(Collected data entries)
□ □ □ □ □ □ □

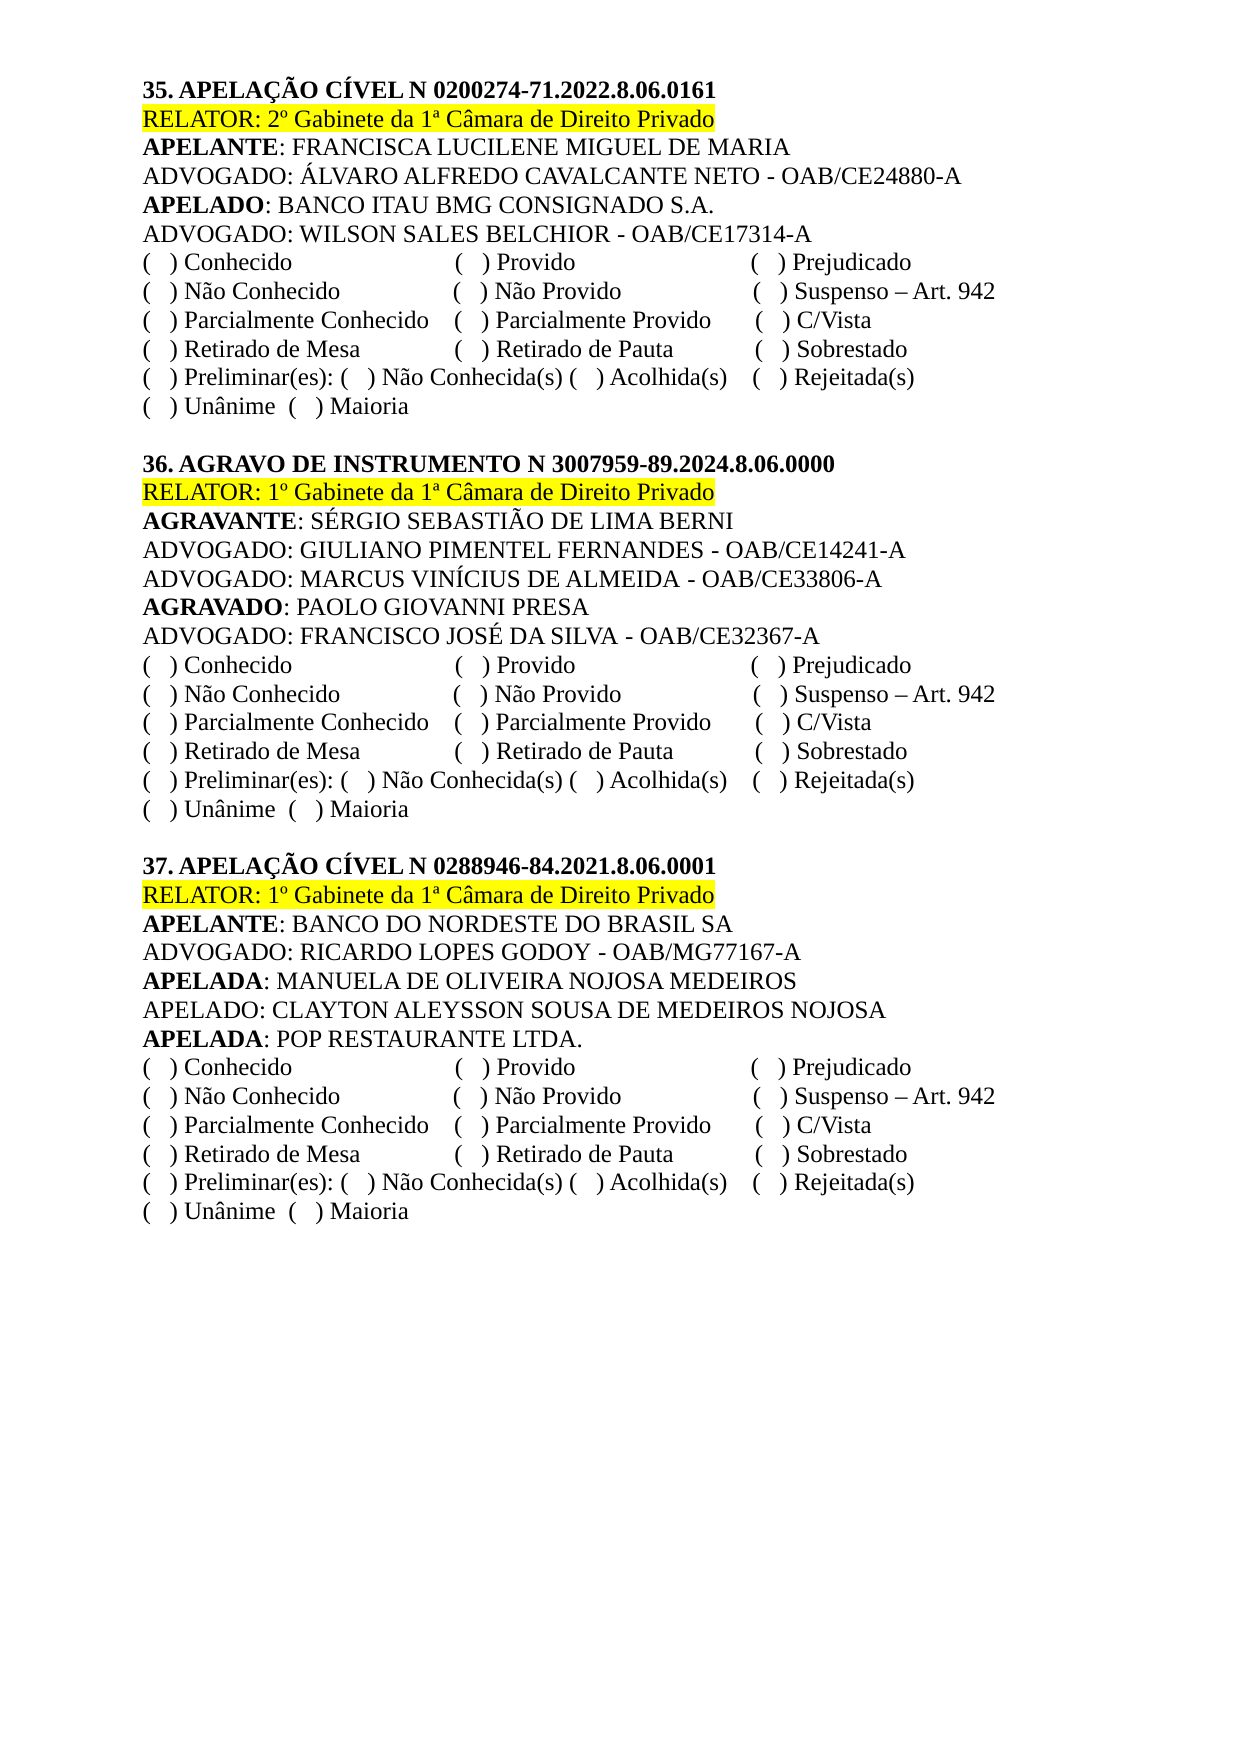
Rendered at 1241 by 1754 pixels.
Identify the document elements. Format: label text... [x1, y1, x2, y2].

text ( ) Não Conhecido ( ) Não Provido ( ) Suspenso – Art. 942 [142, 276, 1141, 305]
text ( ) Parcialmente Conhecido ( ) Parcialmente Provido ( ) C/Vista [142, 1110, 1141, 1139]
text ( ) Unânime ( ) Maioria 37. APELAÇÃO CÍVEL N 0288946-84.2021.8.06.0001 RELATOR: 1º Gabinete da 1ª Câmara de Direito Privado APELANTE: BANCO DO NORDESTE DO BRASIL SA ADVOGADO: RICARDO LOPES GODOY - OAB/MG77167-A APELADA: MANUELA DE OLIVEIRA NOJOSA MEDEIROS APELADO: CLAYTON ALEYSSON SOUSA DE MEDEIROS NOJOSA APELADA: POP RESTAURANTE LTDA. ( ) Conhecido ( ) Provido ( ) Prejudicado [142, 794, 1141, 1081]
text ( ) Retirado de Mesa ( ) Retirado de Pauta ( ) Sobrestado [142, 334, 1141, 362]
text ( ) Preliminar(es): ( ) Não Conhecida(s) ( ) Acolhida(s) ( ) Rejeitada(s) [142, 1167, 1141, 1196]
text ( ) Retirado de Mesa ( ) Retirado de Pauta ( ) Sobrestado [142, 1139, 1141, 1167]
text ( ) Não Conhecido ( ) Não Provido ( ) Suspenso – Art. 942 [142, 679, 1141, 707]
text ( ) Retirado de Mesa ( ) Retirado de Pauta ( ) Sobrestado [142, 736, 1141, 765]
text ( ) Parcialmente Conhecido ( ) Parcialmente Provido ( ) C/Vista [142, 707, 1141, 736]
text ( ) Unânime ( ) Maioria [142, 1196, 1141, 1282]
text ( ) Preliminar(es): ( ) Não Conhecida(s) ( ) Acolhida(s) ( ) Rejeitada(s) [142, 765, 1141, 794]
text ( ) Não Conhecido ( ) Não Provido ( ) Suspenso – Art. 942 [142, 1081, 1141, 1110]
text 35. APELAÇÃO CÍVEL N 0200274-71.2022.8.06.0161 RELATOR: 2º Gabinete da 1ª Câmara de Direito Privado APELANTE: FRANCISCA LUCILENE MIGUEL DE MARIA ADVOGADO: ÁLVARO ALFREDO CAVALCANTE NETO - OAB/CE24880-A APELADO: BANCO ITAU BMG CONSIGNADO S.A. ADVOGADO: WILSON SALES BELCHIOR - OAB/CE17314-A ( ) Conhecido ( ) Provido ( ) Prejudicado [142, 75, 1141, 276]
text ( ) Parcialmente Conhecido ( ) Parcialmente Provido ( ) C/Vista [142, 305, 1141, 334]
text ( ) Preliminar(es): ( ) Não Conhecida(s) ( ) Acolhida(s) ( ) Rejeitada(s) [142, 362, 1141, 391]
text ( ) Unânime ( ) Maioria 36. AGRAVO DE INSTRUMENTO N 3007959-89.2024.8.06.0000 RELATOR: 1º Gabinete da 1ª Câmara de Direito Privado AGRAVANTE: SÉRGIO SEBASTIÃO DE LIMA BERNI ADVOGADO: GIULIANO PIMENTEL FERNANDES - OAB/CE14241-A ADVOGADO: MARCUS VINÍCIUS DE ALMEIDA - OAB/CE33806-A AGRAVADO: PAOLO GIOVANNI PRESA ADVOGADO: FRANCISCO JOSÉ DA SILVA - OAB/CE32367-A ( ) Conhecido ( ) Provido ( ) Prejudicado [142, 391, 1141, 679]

□ □ □ □ □ □ □

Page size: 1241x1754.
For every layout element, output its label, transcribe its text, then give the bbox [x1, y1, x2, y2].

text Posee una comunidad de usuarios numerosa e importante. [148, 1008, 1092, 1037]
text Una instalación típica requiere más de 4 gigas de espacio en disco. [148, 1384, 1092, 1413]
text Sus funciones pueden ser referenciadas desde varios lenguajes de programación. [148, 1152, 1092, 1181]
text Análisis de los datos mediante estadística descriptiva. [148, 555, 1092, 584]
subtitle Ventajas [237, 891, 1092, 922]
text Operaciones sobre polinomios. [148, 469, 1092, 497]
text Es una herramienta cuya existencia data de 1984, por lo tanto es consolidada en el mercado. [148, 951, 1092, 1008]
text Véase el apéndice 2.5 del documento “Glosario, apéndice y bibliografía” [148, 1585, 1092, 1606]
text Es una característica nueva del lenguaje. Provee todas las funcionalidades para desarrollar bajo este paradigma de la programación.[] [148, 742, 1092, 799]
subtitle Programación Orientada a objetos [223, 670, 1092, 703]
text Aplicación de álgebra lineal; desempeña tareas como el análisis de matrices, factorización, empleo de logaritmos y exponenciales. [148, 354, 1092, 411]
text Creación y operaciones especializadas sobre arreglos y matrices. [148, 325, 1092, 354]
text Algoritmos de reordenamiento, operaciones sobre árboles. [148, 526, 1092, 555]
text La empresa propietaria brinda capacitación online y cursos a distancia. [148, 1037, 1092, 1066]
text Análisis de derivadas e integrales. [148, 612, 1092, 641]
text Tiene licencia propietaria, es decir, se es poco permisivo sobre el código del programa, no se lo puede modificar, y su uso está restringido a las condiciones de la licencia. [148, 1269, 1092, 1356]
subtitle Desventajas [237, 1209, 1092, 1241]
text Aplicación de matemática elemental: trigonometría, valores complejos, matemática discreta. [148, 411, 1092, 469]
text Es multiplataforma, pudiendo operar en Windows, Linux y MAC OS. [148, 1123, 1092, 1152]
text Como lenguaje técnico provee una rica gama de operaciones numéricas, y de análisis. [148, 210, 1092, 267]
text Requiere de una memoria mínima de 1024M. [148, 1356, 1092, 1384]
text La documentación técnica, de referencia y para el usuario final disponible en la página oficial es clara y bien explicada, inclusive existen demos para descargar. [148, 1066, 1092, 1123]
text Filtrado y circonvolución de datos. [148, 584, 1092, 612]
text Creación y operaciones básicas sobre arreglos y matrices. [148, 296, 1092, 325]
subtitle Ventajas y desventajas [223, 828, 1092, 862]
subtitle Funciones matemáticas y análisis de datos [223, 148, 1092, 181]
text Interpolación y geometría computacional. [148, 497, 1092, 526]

□ □ □ □ □ □ □

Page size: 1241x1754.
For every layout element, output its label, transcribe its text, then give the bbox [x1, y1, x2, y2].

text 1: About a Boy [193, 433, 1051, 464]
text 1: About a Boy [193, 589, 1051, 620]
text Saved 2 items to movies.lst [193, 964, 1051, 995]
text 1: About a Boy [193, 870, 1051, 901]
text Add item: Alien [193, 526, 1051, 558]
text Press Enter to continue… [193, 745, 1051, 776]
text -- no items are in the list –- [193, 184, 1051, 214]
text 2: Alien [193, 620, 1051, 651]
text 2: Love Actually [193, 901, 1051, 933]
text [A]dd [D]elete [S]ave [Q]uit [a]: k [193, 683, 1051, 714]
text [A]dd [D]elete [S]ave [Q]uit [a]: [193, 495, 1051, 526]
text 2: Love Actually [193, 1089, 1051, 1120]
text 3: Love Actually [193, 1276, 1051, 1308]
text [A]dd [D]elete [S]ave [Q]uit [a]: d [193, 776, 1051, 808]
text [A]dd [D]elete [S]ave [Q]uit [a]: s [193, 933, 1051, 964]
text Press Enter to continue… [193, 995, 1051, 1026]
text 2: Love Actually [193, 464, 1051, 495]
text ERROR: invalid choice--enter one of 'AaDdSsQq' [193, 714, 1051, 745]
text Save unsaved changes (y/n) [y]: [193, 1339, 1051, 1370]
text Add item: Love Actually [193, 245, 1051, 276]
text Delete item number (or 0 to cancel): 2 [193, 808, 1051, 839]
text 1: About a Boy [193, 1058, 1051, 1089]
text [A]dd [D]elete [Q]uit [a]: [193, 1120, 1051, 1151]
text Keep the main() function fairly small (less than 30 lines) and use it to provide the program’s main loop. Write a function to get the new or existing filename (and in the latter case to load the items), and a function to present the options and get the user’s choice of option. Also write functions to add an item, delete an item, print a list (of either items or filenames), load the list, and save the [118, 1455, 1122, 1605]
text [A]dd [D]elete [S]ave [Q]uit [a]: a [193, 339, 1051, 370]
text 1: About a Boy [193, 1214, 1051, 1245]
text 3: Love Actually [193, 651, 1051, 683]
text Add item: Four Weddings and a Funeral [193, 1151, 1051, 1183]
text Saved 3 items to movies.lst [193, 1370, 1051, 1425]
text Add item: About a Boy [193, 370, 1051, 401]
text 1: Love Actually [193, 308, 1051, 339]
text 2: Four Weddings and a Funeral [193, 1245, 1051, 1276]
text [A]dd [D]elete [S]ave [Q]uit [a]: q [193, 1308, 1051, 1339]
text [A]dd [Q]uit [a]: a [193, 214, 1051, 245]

□ □ □ □ □ □ □

■ **DIRECTIONS FOR THIS TASK**
Scan the records above and count the lines that contain "Conhecida". No text besides the count.

■ **RESULT OF THE TASK**
3